Like so many of the creatures we take for granted, menhaden were abundant when European colonists first stepped ashore in the New World. Fairbrother writes that: "early pioneers described [menhaden] as swimming in schools twenty-five miles long or more, packing themselves into bays and estuaries where they came to feed on dense schools of phytoplankton...," and in 1608, John Smith described the menhaden in Chesapeake Bay as "'lying so thick with their heads above the water, as for want of nets we attempted to catch them with a frying pan.'"

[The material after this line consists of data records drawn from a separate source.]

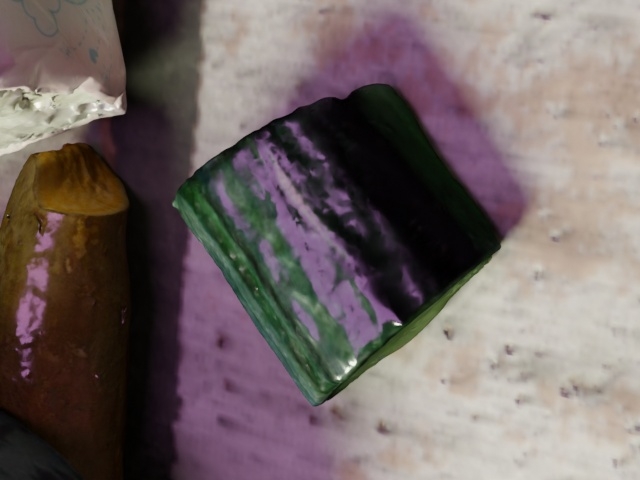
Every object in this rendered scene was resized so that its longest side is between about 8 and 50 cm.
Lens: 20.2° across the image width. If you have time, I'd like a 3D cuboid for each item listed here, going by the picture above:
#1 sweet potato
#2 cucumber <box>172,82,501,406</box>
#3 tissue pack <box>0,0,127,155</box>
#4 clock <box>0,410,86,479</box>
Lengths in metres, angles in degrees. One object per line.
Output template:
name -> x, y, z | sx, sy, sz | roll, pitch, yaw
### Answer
sweet potato -> -0.124, 0.076, 0.848 | 0.077, 0.077, 0.243 | 5, 96, 35
cucumber -> 0.000, 0.000, 0.759 | 0.116, 0.062, 0.115 | -44, 74, 33
tissue pack -> -0.208, -0.167, 0.840 | 0.201, 0.124, 0.271 | -18, 80, 38
clock -> -0.177, 0.221, 0.869 | 0.319, 0.066, 0.318 | 17, 119, 34
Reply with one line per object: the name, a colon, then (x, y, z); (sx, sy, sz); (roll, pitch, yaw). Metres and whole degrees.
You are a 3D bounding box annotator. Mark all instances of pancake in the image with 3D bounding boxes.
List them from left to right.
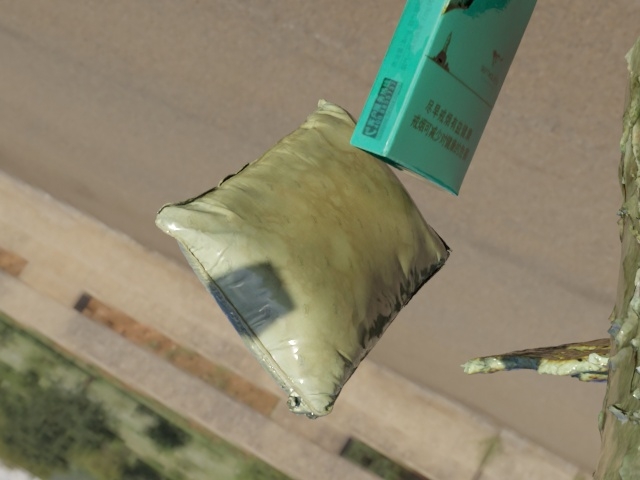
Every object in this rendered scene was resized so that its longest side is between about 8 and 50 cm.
pancake: (0.371, 0.145, 1.365); (0.304, 0.067, 0.426); (-4, 175, -22)

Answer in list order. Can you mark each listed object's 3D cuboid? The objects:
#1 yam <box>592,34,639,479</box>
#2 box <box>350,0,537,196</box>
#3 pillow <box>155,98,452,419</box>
yam: (0.256, 0.020, 0.611); (0.240, 0.348, 0.241); (8, 144, 6)
box: (0.114, -0.161, 0.946); (0.042, 0.227, 0.161); (22, -178, 28)
pillow: (0.000, 0.000, 0.902); (0.075, 0.302, 0.185); (-35, 94, 33)
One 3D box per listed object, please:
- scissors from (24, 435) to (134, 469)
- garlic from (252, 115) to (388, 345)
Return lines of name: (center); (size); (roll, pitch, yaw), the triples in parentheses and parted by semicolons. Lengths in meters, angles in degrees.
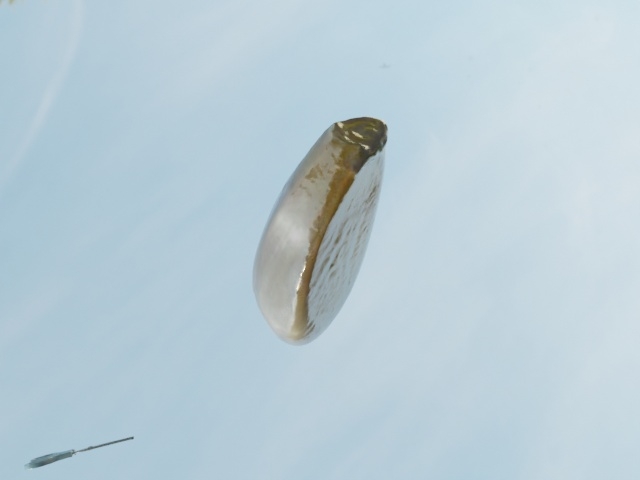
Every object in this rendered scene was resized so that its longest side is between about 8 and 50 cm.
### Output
scissors: (-0.184, 0.161, 0.591); (0.083, 0.036, 0.006); (-14, -95, -3)
garlic: (-0.006, 0.005, 0.795); (0.112, 0.318, 0.143); (40, -130, 13)
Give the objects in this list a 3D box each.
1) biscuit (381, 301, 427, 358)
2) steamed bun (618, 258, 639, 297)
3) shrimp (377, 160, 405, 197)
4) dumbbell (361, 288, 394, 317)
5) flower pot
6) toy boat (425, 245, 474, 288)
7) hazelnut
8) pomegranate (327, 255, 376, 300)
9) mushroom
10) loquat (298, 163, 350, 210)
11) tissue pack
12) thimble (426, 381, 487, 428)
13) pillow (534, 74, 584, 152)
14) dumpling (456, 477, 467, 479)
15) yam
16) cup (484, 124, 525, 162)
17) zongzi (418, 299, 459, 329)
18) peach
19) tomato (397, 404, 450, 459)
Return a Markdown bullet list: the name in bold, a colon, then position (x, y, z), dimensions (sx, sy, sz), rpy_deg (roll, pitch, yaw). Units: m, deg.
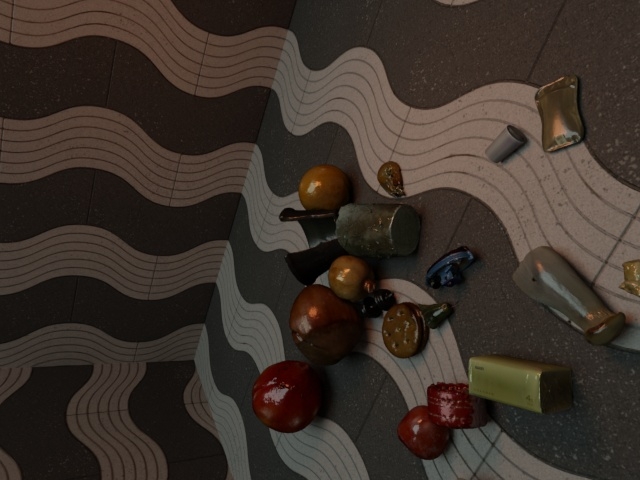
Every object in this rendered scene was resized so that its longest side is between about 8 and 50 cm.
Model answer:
- **biscuit**: position (0.327, 0.350, 1.749), dimensions (0.220, 0.066, 0.220), rpy_deg (-17, 70, 54)
- **steamed bun**: position (0.781, 0.101, 1.006), dimensions (0.106, 0.178, 0.192), rpy_deg (-64, 23, 13)
- **shrimp**: position (0.307, -0.264, 1.915), dimensions (0.115, 0.051, 0.217), rpy_deg (-58, 38, 31)
- **dumbbell**: position (0.240, 0.266, 1.871), dimensions (0.208, 0.099, 0.099), rpy_deg (-44, 49, 44)
- **flower pot**: position (0.000, 0.000, 2.056), dimensions (0.251, 0.379, 0.379), rpy_deg (-18, 64, 17)
- **toy boat**: position (0.455, 0.107, 1.562), dimensions (0.223, 0.100, 0.097), rpy_deg (-49, 36, 44)
- **hazelnut**: position (0.020, 0.372, 1.996), dimensions (0.372, 0.316, 0.372), rpy_deg (168, 90, -85)
- **pomegranate**: position (0.133, 0.159, 1.914), dimensions (0.207, 0.207, 0.207), rpy_deg (-16, 71, 55)
- **mushroom**: position (0.674, 0.152, 1.225), dimensions (0.328, 0.122, 0.159), rpy_deg (-121, 12, -45)
- **loquat**: position (0.016, -0.240, 2.171), dimensions (0.263, 0.263, 0.263), rpy_deg (-16, 71, 55)
- **tissue pack**: position (0.566, 0.405, 1.279), dimensions (0.234, 0.159, 0.125), rpy_deg (-6, 79, 57)
- **thimble**: position (0.440, 0.533, 1.444), dimensions (0.190, 0.163, 0.125), rpy_deg (-11, 75, 41)
- **pillow**: position (0.708, -0.377, 1.322), dimensions (0.130, 0.033, 0.217), rpy_deg (-18, 68, 52)
- **dumpling**: position (0.470, 0.878, 1.377), dimensions (0.227, 0.243, 0.175), rpy_deg (22, 63, 39)
- **yam**: position (0.235, -0.046, 1.841), dimensions (0.348, 0.241, 0.240), rpy_deg (2, 86, 55)
- **cup**: position (0.601, -0.323, 1.458), dimensions (0.116, 0.074, 0.104), rpy_deg (-51, 20, 46)
- **zongzi**: position (0.427, 0.233, 1.634), dimensions (0.154, 0.062, 0.130), rpy_deg (-55, 30, 28)
- **peach**: position (-0.163, 0.755, 2.188), dimensions (0.370, 0.370, 0.370), rpy_deg (-16, 71, 55)
- **tomato**: position (0.357, 0.667, 1.569), dimensions (0.187, 0.151, 0.187), rpy_deg (-30, 55, 55)

I'm envious of those early descriptions of the teaming flora and fauna early explorers described: the millions of bison thundering across the Great Plains; the prairie grasses that grew as high as a horse's belly as far as the eye could see, undulating in the wind like a mighty ocean; the great number of whales that came so close to shore that early pioneers of Nantucket could kill all they needed without going out of sight of land. That abundance is gone forever. Instead, we have fish stories such as Alison Fairbrother's,  in which we learn that "80 percent of the menhaden netted from the Atlantic are the property of a single company" (my emphasis).

In this fish story, the corporation is Omega Protein. Go to the corporation's website, and you can read how the company cares a lot about sustainability, about how the Atlantic menhaden are not overfished, and about how the company is "certified sustainable by Friend of the Sea, an organization dedicated to the preservation of marine resources." You can also read how the company takes those small, unassuming fish and turns them into products for
  • animal nutrition ("for the nutritional needs of all animal species"),
  • human nutrition (The product here is OmegaPure, which is "a highly refined, long-chain omega-3 fish oil specifically formulated as a food ingredient." The fish are extensively processed to be used as supplements or additives in various foods: dairy products, baked goods, margarines and spreads, etc.)
  • plant nutrition (fertilizer)
  • industrial applications (rust inhibitors, water repellant, additive to paint)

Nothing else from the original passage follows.